Booted off the back page

England’s series loss to Sri Lanka in Leeds came to its dramatic crescendo while the England football team were in the closing minutes of their World Cup campaign. Being England’s second most popular team sport doesn’t mean that cricket comes anywhere close to football in popularity. And that provided Alastair Cook, Peter Moores and the ECB some protection when the mass media were deciding their targets the following day.

The media now is fragmented and specialised. Cricket-folk read cricinfo, their favourite cricket journalists on newspapers’ online outlets and debate the matters of the day on twitter and forums. This, you may have thought, was self-evident, but not to England’s Managing Director who was taken aback by the force of social media comment when he conspired to rid English cricket of Kevin Pietersen.

Until the 1980s saw an expansion in sports coverage, topical sports news was fitted into two or three broadsheet pages, maybe five or six tabloid. A Test series defeat during a World Cup would only get prominence relative to the other sports stories of the day. A specialist media, feeding off each other’s scoops, interviews and polemics, existed within the press box, but didn’t play out its jostling for position for the enthusiasts in the public to enjoy.
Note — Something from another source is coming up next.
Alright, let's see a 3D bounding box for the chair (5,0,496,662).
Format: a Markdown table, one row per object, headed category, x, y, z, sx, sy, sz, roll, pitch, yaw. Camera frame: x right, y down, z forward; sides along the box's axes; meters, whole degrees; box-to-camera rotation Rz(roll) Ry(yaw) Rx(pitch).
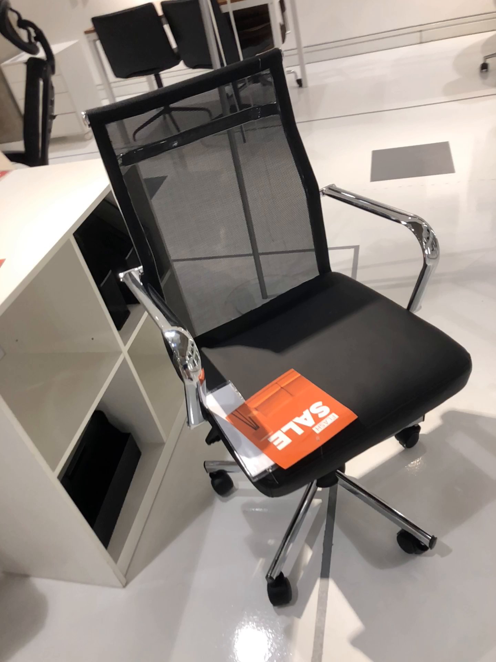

Cricket has been England’s summer sport, only insofar as World Cups, European Championships and Olympics don’t crowd it out of the spotlight. This post looks at cricket stories prior to the 1980s that today’s specialist media would have savoured, or feasted upon, but in the past were booted from the back page by reports, results and previews of the World Cup.

1954 World Cup in Switzerland

In the Final played on the 4 July, West Germany defeated the favourites Hungary, ending their 32 game unbeaten run. Hungary had beaten the Germans 8-3 two weeks earlier, but with their star, Puskas, not fully fit, and his late equaliser ruled out by a linesman for off-side, West Germany won the Final 3-2.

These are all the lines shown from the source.